Orange, coconut and Cranberry bread (Gluten-free)
Orange, coconut and cranberry bread (gluten-free)
This gluten -free bread recipe is inspired by Sarah Britton’s Cranberry and Carrot Loaf from her book, My New Roots. Sweet, delicious and easy – the most time-consuming part is grating the carrots,
which you can grate the night before to save time. I substituted the spelt flour with
Monica’s Mixes gluten free flour (you can use any flour you like) and added half a cup of shredded coconut instead of rolled oats so it’s gluten-free. The cranberries add just the right amount of sweetness and the carrots ensure it doesn’t dry out.
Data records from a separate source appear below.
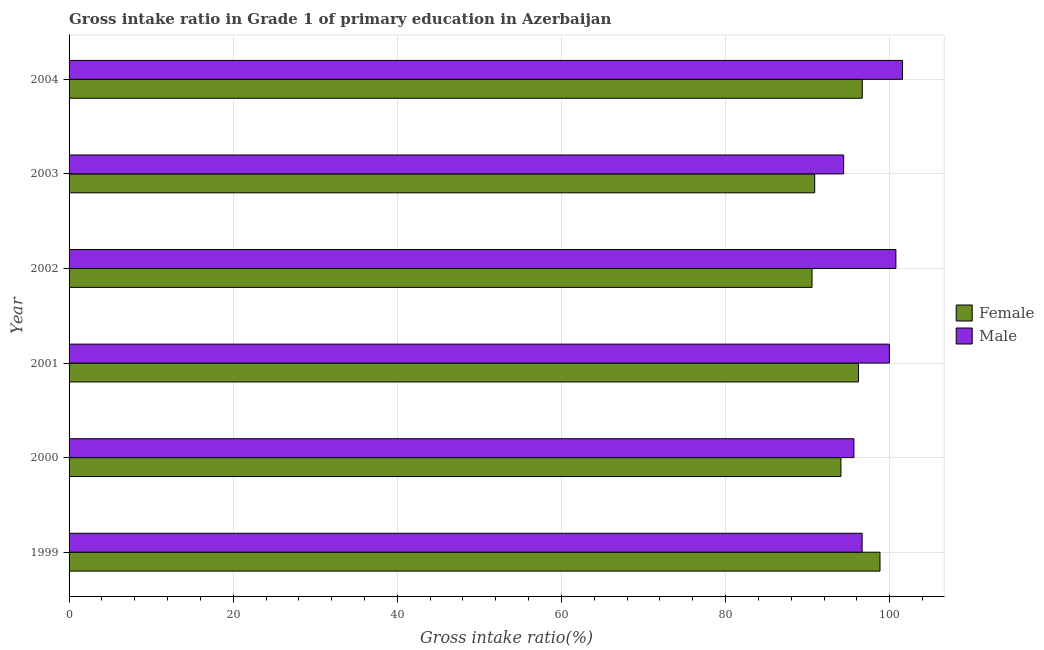How many different coloured bars are there?
Your answer should be compact. 2. Are the number of bars on each tick of the Y-axis equal?
Offer a very short reply. Yes. How many bars are there on the 4th tick from the top?
Offer a terse response. 2. What is the label of the 4th group of bars from the top?
Your answer should be compact. 2001. What is the gross intake ratio(female) in 1999?
Provide a short and direct response. 98.82. Across all years, what is the maximum gross intake ratio(female)?
Provide a short and direct response. 98.82. Across all years, what is the minimum gross intake ratio(female)?
Ensure brevity in your answer.  90.53. In which year was the gross intake ratio(female) minimum?
Ensure brevity in your answer.  2002. What is the total gross intake ratio(female) in the graph?
Give a very brief answer. 567.11. What is the difference between the gross intake ratio(female) in 2000 and that in 2003?
Give a very brief answer. 3.19. What is the difference between the gross intake ratio(female) in 1999 and the gross intake ratio(male) in 2004?
Give a very brief answer. -2.74. What is the average gross intake ratio(male) per year?
Provide a short and direct response. 98.16. In the year 2004, what is the difference between the gross intake ratio(male) and gross intake ratio(female)?
Keep it short and to the point. 4.91. In how many years, is the gross intake ratio(female) greater than 84 %?
Make the answer very short. 6. What is the ratio of the gross intake ratio(male) in 1999 to that in 2003?
Offer a terse response. 1.02. Is the difference between the gross intake ratio(female) in 1999 and 2004 greater than the difference between the gross intake ratio(male) in 1999 and 2004?
Your answer should be very brief. Yes. What is the difference between the highest and the second highest gross intake ratio(male)?
Ensure brevity in your answer.  0.81. What is the difference between the highest and the lowest gross intake ratio(male)?
Ensure brevity in your answer.  7.17. How many bars are there?
Provide a short and direct response. 12. How many years are there in the graph?
Your answer should be compact. 6. Does the graph contain any zero values?
Offer a terse response. No. Does the graph contain grids?
Keep it short and to the point. Yes. How many legend labels are there?
Make the answer very short. 2. How are the legend labels stacked?
Provide a short and direct response. Vertical. What is the title of the graph?
Provide a succinct answer. Gross intake ratio in Grade 1 of primary education in Azerbaijan. Does "Goods" appear as one of the legend labels in the graph?
Offer a very short reply. No. What is the label or title of the X-axis?
Keep it short and to the point. Gross intake ratio(%). What is the Gross intake ratio(%) of Female in 1999?
Provide a short and direct response. 98.82. What is the Gross intake ratio(%) in Male in 1999?
Keep it short and to the point. 96.64. What is the Gross intake ratio(%) of Female in 2000?
Offer a terse response. 94.05. What is the Gross intake ratio(%) of Male in 2000?
Ensure brevity in your answer.  95.64. What is the Gross intake ratio(%) in Female in 2001?
Your response must be concise. 96.19. What is the Gross intake ratio(%) in Male in 2001?
Ensure brevity in your answer.  99.96. What is the Gross intake ratio(%) of Female in 2002?
Your answer should be compact. 90.53. What is the Gross intake ratio(%) of Male in 2002?
Give a very brief answer. 100.76. What is the Gross intake ratio(%) of Female in 2003?
Make the answer very short. 90.86. What is the Gross intake ratio(%) in Male in 2003?
Your answer should be compact. 94.39. What is the Gross intake ratio(%) of Female in 2004?
Your answer should be compact. 96.66. What is the Gross intake ratio(%) in Male in 2004?
Offer a very short reply. 101.56. Across all years, what is the maximum Gross intake ratio(%) in Female?
Your response must be concise. 98.82. Across all years, what is the maximum Gross intake ratio(%) in Male?
Your response must be concise. 101.56. Across all years, what is the minimum Gross intake ratio(%) of Female?
Give a very brief answer. 90.53. Across all years, what is the minimum Gross intake ratio(%) in Male?
Make the answer very short. 94.39. What is the total Gross intake ratio(%) in Female in the graph?
Offer a very short reply. 567.11. What is the total Gross intake ratio(%) of Male in the graph?
Your answer should be very brief. 588.95. What is the difference between the Gross intake ratio(%) of Female in 1999 and that in 2000?
Give a very brief answer. 4.76. What is the difference between the Gross intake ratio(%) of Female in 1999 and that in 2001?
Your answer should be very brief. 2.62. What is the difference between the Gross intake ratio(%) in Male in 1999 and that in 2001?
Your response must be concise. -3.32. What is the difference between the Gross intake ratio(%) in Female in 1999 and that in 2002?
Ensure brevity in your answer.  8.28. What is the difference between the Gross intake ratio(%) in Male in 1999 and that in 2002?
Provide a short and direct response. -4.12. What is the difference between the Gross intake ratio(%) of Female in 1999 and that in 2003?
Provide a short and direct response. 7.96. What is the difference between the Gross intake ratio(%) of Male in 1999 and that in 2003?
Provide a succinct answer. 2.25. What is the difference between the Gross intake ratio(%) in Female in 1999 and that in 2004?
Keep it short and to the point. 2.16. What is the difference between the Gross intake ratio(%) of Male in 1999 and that in 2004?
Your response must be concise. -4.92. What is the difference between the Gross intake ratio(%) in Female in 2000 and that in 2001?
Offer a terse response. -2.14. What is the difference between the Gross intake ratio(%) in Male in 2000 and that in 2001?
Your answer should be very brief. -4.33. What is the difference between the Gross intake ratio(%) of Female in 2000 and that in 2002?
Your answer should be compact. 3.52. What is the difference between the Gross intake ratio(%) in Male in 2000 and that in 2002?
Your response must be concise. -5.12. What is the difference between the Gross intake ratio(%) of Female in 2000 and that in 2003?
Make the answer very short. 3.19. What is the difference between the Gross intake ratio(%) of Male in 2000 and that in 2003?
Ensure brevity in your answer.  1.25. What is the difference between the Gross intake ratio(%) of Female in 2000 and that in 2004?
Offer a very short reply. -2.6. What is the difference between the Gross intake ratio(%) in Male in 2000 and that in 2004?
Make the answer very short. -5.92. What is the difference between the Gross intake ratio(%) in Female in 2001 and that in 2002?
Ensure brevity in your answer.  5.66. What is the difference between the Gross intake ratio(%) in Male in 2001 and that in 2002?
Make the answer very short. -0.79. What is the difference between the Gross intake ratio(%) of Female in 2001 and that in 2003?
Offer a very short reply. 5.33. What is the difference between the Gross intake ratio(%) in Male in 2001 and that in 2003?
Your answer should be very brief. 5.58. What is the difference between the Gross intake ratio(%) in Female in 2001 and that in 2004?
Your response must be concise. -0.46. What is the difference between the Gross intake ratio(%) of Male in 2001 and that in 2004?
Give a very brief answer. -1.6. What is the difference between the Gross intake ratio(%) in Female in 2002 and that in 2003?
Provide a succinct answer. -0.33. What is the difference between the Gross intake ratio(%) in Male in 2002 and that in 2003?
Offer a terse response. 6.37. What is the difference between the Gross intake ratio(%) of Female in 2002 and that in 2004?
Give a very brief answer. -6.12. What is the difference between the Gross intake ratio(%) of Male in 2002 and that in 2004?
Make the answer very short. -0.81. What is the difference between the Gross intake ratio(%) of Female in 2003 and that in 2004?
Your response must be concise. -5.8. What is the difference between the Gross intake ratio(%) of Male in 2003 and that in 2004?
Your answer should be compact. -7.17. What is the difference between the Gross intake ratio(%) in Female in 1999 and the Gross intake ratio(%) in Male in 2000?
Your answer should be very brief. 3.18. What is the difference between the Gross intake ratio(%) of Female in 1999 and the Gross intake ratio(%) of Male in 2001?
Provide a succinct answer. -1.15. What is the difference between the Gross intake ratio(%) of Female in 1999 and the Gross intake ratio(%) of Male in 2002?
Provide a succinct answer. -1.94. What is the difference between the Gross intake ratio(%) in Female in 1999 and the Gross intake ratio(%) in Male in 2003?
Keep it short and to the point. 4.43. What is the difference between the Gross intake ratio(%) of Female in 1999 and the Gross intake ratio(%) of Male in 2004?
Keep it short and to the point. -2.74. What is the difference between the Gross intake ratio(%) in Female in 2000 and the Gross intake ratio(%) in Male in 2001?
Ensure brevity in your answer.  -5.91. What is the difference between the Gross intake ratio(%) in Female in 2000 and the Gross intake ratio(%) in Male in 2002?
Make the answer very short. -6.7. What is the difference between the Gross intake ratio(%) of Female in 2000 and the Gross intake ratio(%) of Male in 2003?
Make the answer very short. -0.33. What is the difference between the Gross intake ratio(%) of Female in 2000 and the Gross intake ratio(%) of Male in 2004?
Offer a terse response. -7.51. What is the difference between the Gross intake ratio(%) in Female in 2001 and the Gross intake ratio(%) in Male in 2002?
Ensure brevity in your answer.  -4.56. What is the difference between the Gross intake ratio(%) of Female in 2001 and the Gross intake ratio(%) of Male in 2003?
Offer a very short reply. 1.81. What is the difference between the Gross intake ratio(%) of Female in 2001 and the Gross intake ratio(%) of Male in 2004?
Your answer should be compact. -5.37. What is the difference between the Gross intake ratio(%) in Female in 2002 and the Gross intake ratio(%) in Male in 2003?
Ensure brevity in your answer.  -3.85. What is the difference between the Gross intake ratio(%) of Female in 2002 and the Gross intake ratio(%) of Male in 2004?
Give a very brief answer. -11.03. What is the difference between the Gross intake ratio(%) of Female in 2003 and the Gross intake ratio(%) of Male in 2004?
Ensure brevity in your answer.  -10.7. What is the average Gross intake ratio(%) in Female per year?
Ensure brevity in your answer.  94.52. What is the average Gross intake ratio(%) of Male per year?
Make the answer very short. 98.16. In the year 1999, what is the difference between the Gross intake ratio(%) in Female and Gross intake ratio(%) in Male?
Offer a very short reply. 2.18. In the year 2000, what is the difference between the Gross intake ratio(%) of Female and Gross intake ratio(%) of Male?
Ensure brevity in your answer.  -1.58. In the year 2001, what is the difference between the Gross intake ratio(%) of Female and Gross intake ratio(%) of Male?
Offer a terse response. -3.77. In the year 2002, what is the difference between the Gross intake ratio(%) of Female and Gross intake ratio(%) of Male?
Offer a very short reply. -10.22. In the year 2003, what is the difference between the Gross intake ratio(%) in Female and Gross intake ratio(%) in Male?
Provide a short and direct response. -3.53. In the year 2004, what is the difference between the Gross intake ratio(%) in Female and Gross intake ratio(%) in Male?
Your response must be concise. -4.91. What is the ratio of the Gross intake ratio(%) in Female in 1999 to that in 2000?
Make the answer very short. 1.05. What is the ratio of the Gross intake ratio(%) in Male in 1999 to that in 2000?
Offer a terse response. 1.01. What is the ratio of the Gross intake ratio(%) of Female in 1999 to that in 2001?
Provide a succinct answer. 1.03. What is the ratio of the Gross intake ratio(%) in Male in 1999 to that in 2001?
Ensure brevity in your answer.  0.97. What is the ratio of the Gross intake ratio(%) of Female in 1999 to that in 2002?
Give a very brief answer. 1.09. What is the ratio of the Gross intake ratio(%) of Male in 1999 to that in 2002?
Your response must be concise. 0.96. What is the ratio of the Gross intake ratio(%) of Female in 1999 to that in 2003?
Ensure brevity in your answer.  1.09. What is the ratio of the Gross intake ratio(%) of Male in 1999 to that in 2003?
Make the answer very short. 1.02. What is the ratio of the Gross intake ratio(%) in Female in 1999 to that in 2004?
Ensure brevity in your answer.  1.02. What is the ratio of the Gross intake ratio(%) of Male in 1999 to that in 2004?
Offer a terse response. 0.95. What is the ratio of the Gross intake ratio(%) in Female in 2000 to that in 2001?
Provide a short and direct response. 0.98. What is the ratio of the Gross intake ratio(%) in Male in 2000 to that in 2001?
Offer a terse response. 0.96. What is the ratio of the Gross intake ratio(%) in Female in 2000 to that in 2002?
Your response must be concise. 1.04. What is the ratio of the Gross intake ratio(%) in Male in 2000 to that in 2002?
Your response must be concise. 0.95. What is the ratio of the Gross intake ratio(%) of Female in 2000 to that in 2003?
Your response must be concise. 1.04. What is the ratio of the Gross intake ratio(%) in Male in 2000 to that in 2003?
Give a very brief answer. 1.01. What is the ratio of the Gross intake ratio(%) of Female in 2000 to that in 2004?
Your response must be concise. 0.97. What is the ratio of the Gross intake ratio(%) of Male in 2000 to that in 2004?
Give a very brief answer. 0.94. What is the ratio of the Gross intake ratio(%) of Female in 2001 to that in 2003?
Your answer should be compact. 1.06. What is the ratio of the Gross intake ratio(%) of Male in 2001 to that in 2003?
Offer a terse response. 1.06. What is the ratio of the Gross intake ratio(%) in Female in 2001 to that in 2004?
Ensure brevity in your answer.  1. What is the ratio of the Gross intake ratio(%) in Male in 2001 to that in 2004?
Your answer should be very brief. 0.98. What is the ratio of the Gross intake ratio(%) of Male in 2002 to that in 2003?
Your answer should be compact. 1.07. What is the ratio of the Gross intake ratio(%) of Female in 2002 to that in 2004?
Your answer should be very brief. 0.94. What is the ratio of the Gross intake ratio(%) in Male in 2003 to that in 2004?
Give a very brief answer. 0.93. What is the difference between the highest and the second highest Gross intake ratio(%) of Female?
Offer a very short reply. 2.16. What is the difference between the highest and the second highest Gross intake ratio(%) in Male?
Keep it short and to the point. 0.81. What is the difference between the highest and the lowest Gross intake ratio(%) of Female?
Provide a succinct answer. 8.28. What is the difference between the highest and the lowest Gross intake ratio(%) in Male?
Your answer should be very brief. 7.17.

This one is perfect to freeze then pull out in the morning, making it perfect for school or work snacks. I sometimes also have it with a nice cup of coffee for breakfast.
- 1 Tablespoon chia seeds
- ½ cup of coconut milk
- ¼ cup of coconut oil, melted
- 2 teaspoons grated orange zest
- 1 ½ cups of grated carrot
- ½ cup of rice malt syrup
- 1 ½ cup of Monica's gluten-free flour
- ½ cup of shredded coconut
- 1 teaspoon of vanilla extract
- 2 teaspoons of baking powder
- ½ teaspoon bicarbonate of soda
- ¼ teaspoon of sea salt
- ¾ cup of dried cranberries
- Preheat the oven 180°C and line a loaf tin with baking paper
- Place the chia seeds and milk in a small bowl. Let sit for 15 minutes
- Whisk together the flour, baking powder, baking soda, sea salt and shredded coconut.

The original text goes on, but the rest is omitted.